3. Applications in Agriculture and Industry
The same engineering principles can also be applied outside of medicine. Agriculture, in particular, could benefit from more robust immune-like systems in plants. Plants rely on receptor proteins to recognize pathogens and trigger defenses, but these receptors are often limited in the range or strength of molecules they can bind. By applying our methods to engineer plant receptors, it may be possible to expand their recognition spectrum or improve their binding stability. This could create crops that are naturally more resistant to fungi, bacteria, or viruses, reducing the need for pesticides and leading to more sustainable farming. For example, engineering stronger immune receptors in staple crops such as rice, wheat, or corn could have significant global impact on food security.
Image source: Envato Elements
Industry also presents exciting opportunities. Many manufacturing processes rely on enzymes as catalysts. While natural enzymes are efficient, they often lack the stability needed to function in industrial conditions such as high temperatures, extreme pH, or the presence of solvents. Our workflow could be applied to redesign enzyme binding sites, making them more stable and adaptable. This could accelerate progress in biofuel production by creating enzymes that break down biomass more efficiently, or in food processing by developing enzymes that function under broader conditions. A recent study published in Nature (2025) described progress in designing efficient artificial catalysts --- an area that could directly benefit from our protein engineering framework.

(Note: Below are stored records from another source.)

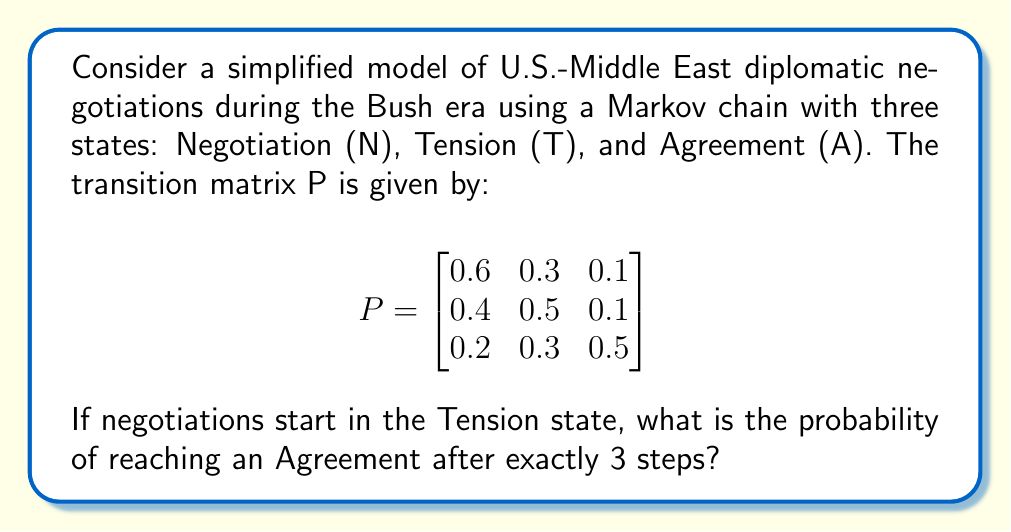Help me with this question. To solve this problem, we'll use the Chapman-Kolmogorov equations and matrix multiplication:

1) The initial state vector is $\mathbf{v}_0 = \begin{bmatrix} 0 & 1 & 0 \end{bmatrix}$, representing the Tension state.

2) We need to calculate $\mathbf{v}_3 = \mathbf{v}_0 P^3$

3) First, let's calculate $P^2$:

   $$ P^2 = \begin{bmatrix}
   0.6 & 0.3 & 0.1 \\
   0.4 & 0.5 & 0.1 \\
   0.2 & 0.3 & 0.5
   \end{bmatrix} \times \begin{bmatrix}
   0.6 & 0.3 & 0.1 \\
   0.4 & 0.5 & 0.1 \\
   0.2 & 0.3 & 0.5
   \end{bmatrix} = \begin{bmatrix}
   0.52 & 0.36 & 0.12 \\
   0.50 & 0.39 & 0.11 \\
   0.38 & 0.39 & 0.23
   \end{bmatrix} $$

4) Now, let's calculate $P^3$:

   $$ P^3 = P^2 \times P = \begin{bmatrix}
   0.52 & 0.36 & 0.12 \\
   0.50 & 0.39 & 0.11 \\
   0.38 & 0.39 & 0.23
   \end{bmatrix} \times \begin{bmatrix}
   0.6 & 0.3 & 0.1 \\
   0.4 & 0.5 & 0.1 \\
   0.2 & 0.3 & 0.5
   \end{bmatrix} = \begin{bmatrix}
   0.488 & 0.378 & 0.134 \\
   0.482 & 0.387 & 0.131 \\
   0.434 & 0.393 & 0.173
   \end{bmatrix} $$

5) Finally, we multiply the initial state vector by $P^3$:

   $\mathbf{v}_3 = \mathbf{v}_0 P^3 = \begin{bmatrix} 0 & 1 & 0 \end{bmatrix} \times \begin{bmatrix}
   0.488 & 0.378 & 0.134 \\
   0.482 & 0.387 & 0.131 \\
   0.434 & 0.393 & 0.173
   \end{bmatrix} = \begin{bmatrix} 0.482 & 0.387 & 0.131 \end{bmatrix}$

6) The probability of reaching an Agreement (the third state) after exactly 3 steps is 0.131 or 13.1%.
Answer: 0.131

Thus, while the immediate impact of our project lies in medicine, the broader vision is to provide a generalizable engineering platform for optimizing proteins wherever stability and binding are essential.
Risks and Considerations
We are aware that with these opportunities come serious responsibilities. Engineering immune proteins carries inherent risks. Increasing the binding affinity of MHC molecules may inadvertently cause autoimmunity, where T-cells attack healthy tissues. There are also dual-use concerns: theoretically, engineered MHC variants could be misapplied to help pathogens avoid immune recognition. Furthermore, in agricultural or industrial contexts, engineered proteins must be carefully tested to avoid unintended ecological effects.

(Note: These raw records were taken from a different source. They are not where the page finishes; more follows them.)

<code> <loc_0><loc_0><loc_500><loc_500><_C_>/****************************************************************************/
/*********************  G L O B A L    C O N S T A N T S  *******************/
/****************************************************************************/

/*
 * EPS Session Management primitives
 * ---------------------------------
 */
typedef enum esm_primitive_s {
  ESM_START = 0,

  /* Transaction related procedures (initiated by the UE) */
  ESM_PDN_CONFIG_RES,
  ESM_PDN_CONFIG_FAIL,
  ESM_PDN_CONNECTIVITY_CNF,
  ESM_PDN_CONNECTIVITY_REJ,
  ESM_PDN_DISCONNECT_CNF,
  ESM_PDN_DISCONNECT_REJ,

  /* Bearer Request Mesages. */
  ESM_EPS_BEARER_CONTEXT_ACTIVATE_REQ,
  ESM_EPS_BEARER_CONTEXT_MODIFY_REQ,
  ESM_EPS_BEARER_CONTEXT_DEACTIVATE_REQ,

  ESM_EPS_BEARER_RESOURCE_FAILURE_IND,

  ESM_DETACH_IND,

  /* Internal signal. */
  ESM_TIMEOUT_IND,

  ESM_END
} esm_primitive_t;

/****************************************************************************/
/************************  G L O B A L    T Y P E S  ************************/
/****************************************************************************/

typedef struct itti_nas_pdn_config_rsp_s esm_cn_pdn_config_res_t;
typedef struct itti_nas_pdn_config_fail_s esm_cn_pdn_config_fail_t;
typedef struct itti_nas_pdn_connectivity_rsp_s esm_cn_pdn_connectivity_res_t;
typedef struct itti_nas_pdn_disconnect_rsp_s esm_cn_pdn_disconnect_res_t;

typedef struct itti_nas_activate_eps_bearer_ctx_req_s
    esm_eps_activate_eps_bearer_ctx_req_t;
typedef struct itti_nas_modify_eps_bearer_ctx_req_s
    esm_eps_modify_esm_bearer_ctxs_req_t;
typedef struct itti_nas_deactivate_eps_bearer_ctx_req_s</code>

To minimize these risks, our work has been conducted entirely in vitro, using bacterial expression systems and synthetic peptides only. No human cells or animal testing were involved. Moving forward, we believe it is critical to involve bioethics experts, regulatory authorities, and the public in evaluating how such technologies should be applied. Our team views this not just as a scientific project, but as a responsibility to ensure that advances in protein engineering are safe, transparent, and aligned with societal benefit.